I should probably stay in the shallows as this subject is definitely over my head... but I like the concept although maybe not the word so much.

To me "thrust" implies linearity. I'm not sure if it is straight ahead or at 180 degrees, but somehow straight. But, maybe that is just my lack of understanding technical stuff. I know that in SciFi movies they always use "thrusters" to alter the direction of stuff in orbit... which makes me think "linear" is likely my problem.

What Al's response lit up for me was the idea of a momentum change that is not linear. In casting, I think I sometimes thrust the rod forward right near the end of rotation to induce the rod tip to tighten the loop, but it seems the rod absorbs most of that input.
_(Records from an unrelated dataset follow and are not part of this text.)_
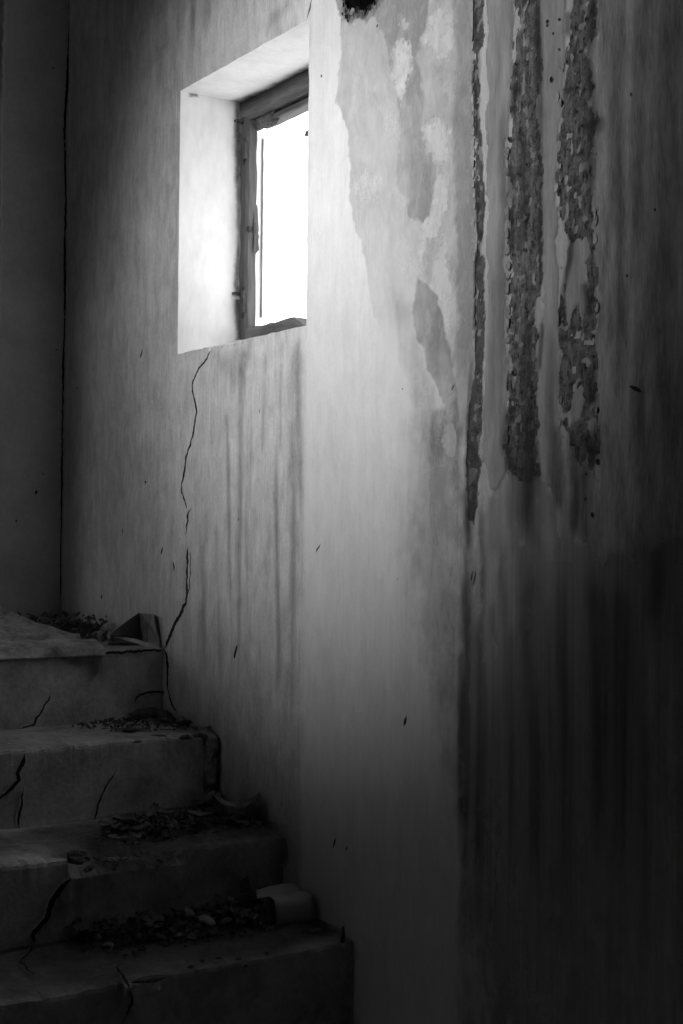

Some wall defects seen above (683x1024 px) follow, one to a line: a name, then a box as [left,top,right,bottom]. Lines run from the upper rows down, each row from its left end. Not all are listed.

spalling [336,0,381,22]
peeling [465,0,683,569]
crack [101,351,211,715]
crack [0,692,52,830]
crack [92,769,117,820]
crack [16,877,72,972]

The line's momentum doesn't seem to visibly change, the tip is just delayed.

For what I am mulling, my guess it that maybe "impulse" would be a better word? An increase in force for a short duration of time and, importantly for me, that is off linear? Force is a vector and momentum is a vector, so the line will deviate from the set path in relation to the magnitude of the impulse?

Doesn't that fit into the propagating wave thing?

The majority of momentum has been imparted to the line by translation and rotation with greater force over a longer time. A small off-linear impulse will have some effect but relatively much smaller. Isn't that what sets a wave?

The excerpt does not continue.